BT yields limited improvement in terms of translation quality for extremely low-resource tasks, but gradually demonstrates its superiority and outperforms other methods as bitext size increases. In comparison to the base model, training with BT synthetic data only leads to marginal improvement in BLEU scores for the extremely low-resource translation tasks, which are 1.39, 2.85, and 3.48 for tasks of 5k, 10k, and 15k bitext size, respectively. This is due to the fact that the reversed translation models in these cases tend to produce unreliable source sentences, whose pseudo bitexts are too detrimental to the translation models (Gu et al. 2018a; Edunov et al. 2018). Furthermore, for these cases, training with BT synthetic data following pre-training still yields a lower performance compared to training using the target-side generation knowledge via multi-task fine-tuning with the CLM objective (see the curve of “PT: +CLM” in Figure 3). However, as the bitext size increases to 50k, 100k, 200k, and 500k in our experiments, the BT method gradually demonstrates improved performance and outperforms some other methods, indicating that high-quality synthetic data plays a crucial role in boosting the performance of a translation model in the general low-resource setting.

Observation 8

The results suggest that the MTL method has limited improvement on the translation model compared with other methods in most cases, but begins to exhibit superiority in larger bitext scenarios such as 200k and 500k. In most cases (<200k), the performance gains obtained from the MTL method are inferior to those of the PT methods, which adopt the same joint objective of MLM+CLM+DAE in the pre-training stage. However, as the bitext size increases, the performance gap between the MTL and PT methods gradually decreases, and the MTL method even outperforms the PT method in the 200k and 500k scenarios. These results hint that the MTL method has the potential to further enhance translation quality in the fine-tuning stage.

Observation 9

Multi-task fine-tuning with self-supervised objectives further improves translation qualities for both the extremely low-resource task and the low-resource tasks. In Table 3, the results reveal that fine-tuning with the CLM objective successfully improves performance in extremely low-resource settings. In cases of low-resource tasks with more than 50k bitexts, a more pronounced improvement in translation quality is observed when fine-tuning with both the CLM and tDAE objectives, as well as training additional BT synthetic data. This indicates that multi-task fine-tuning is of great potential to mitigate the issue of catastrophic forgetting.

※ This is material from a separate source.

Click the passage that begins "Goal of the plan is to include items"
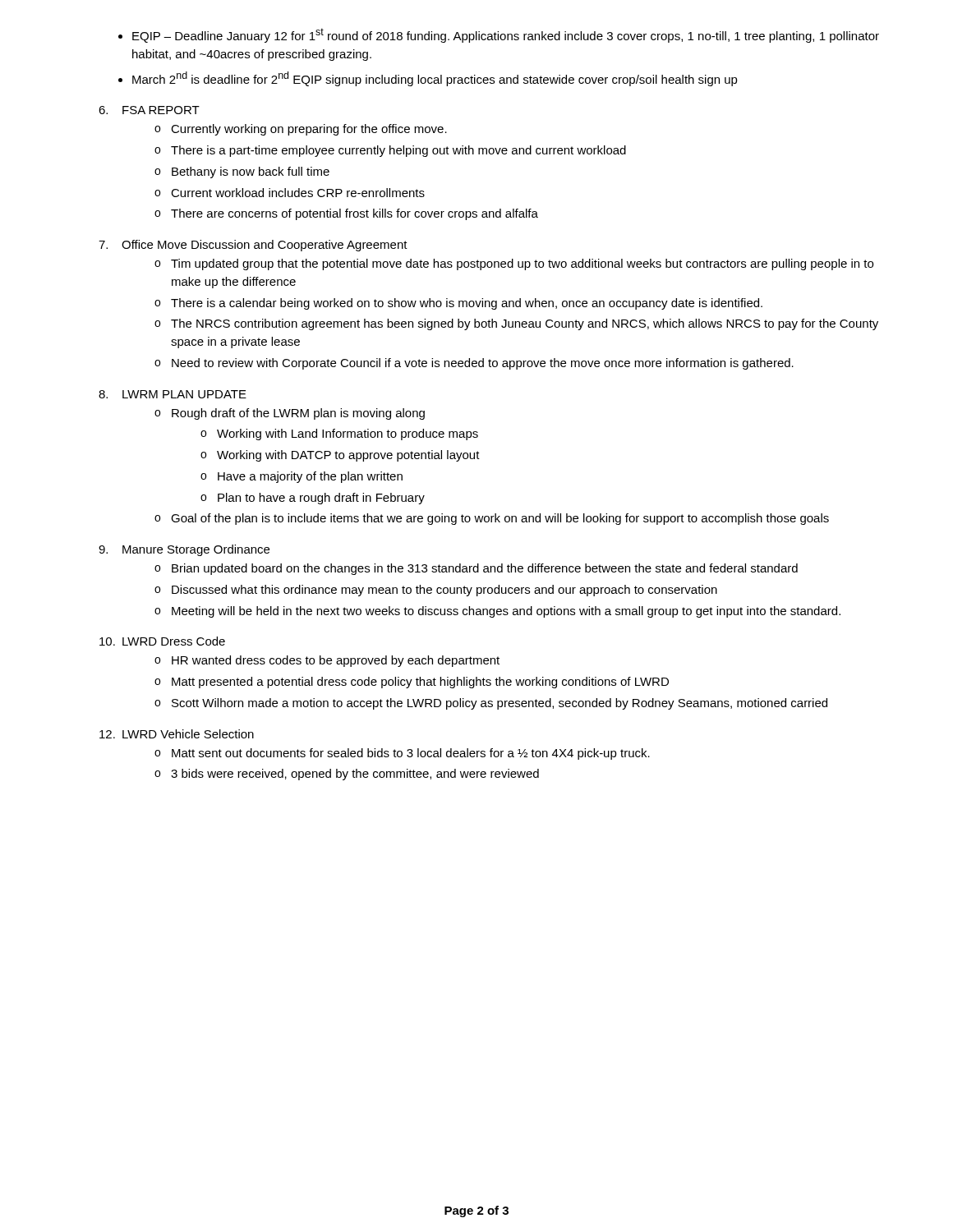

Overall, to build a translation model with limited parallel corpus, we can first pre-train the encoder-to-decoder model with the joint objective of MLM+CLM+DAE for obtaining linguistic properties. Then, in the fine-tuning stage, multi-task fine-tuning further makes use of the monolingual data to improve the translation quality.

In this section, we design two pipelines for both the extremely low-resource and low-resource translation tasks, respectively. Then we conduct evaluation experiments on public-available datasets, including similar and distant translation pairs, to validate our claims and findings.

4.1 Pipelines

4.1.1 Pipeline on Extremely Low-Resource Setting

According to observations 1, 3, and 6, we find that pre-training the encoder-to-decoder model with a joint objective of MLM+CLM+DAE can lead to the following outcomes: (1) improved linguistic properties of the source sentences, (2) enhanced bilingual word alignment performance, and (3) competitive translation fluency. This provides a decent model initialization for extremely low-resource translation tasks, where the PT approach shows significant improvements in translation quality as shown in Table 3. Thus, the initial step in our pipeline involves pre-training the model with the joint objective of MLM+CLM+DAE. In the fine-tuning stage, the translation model is further improved by multi-task learning with the CLM objective, as informed in Observations 5 and 9.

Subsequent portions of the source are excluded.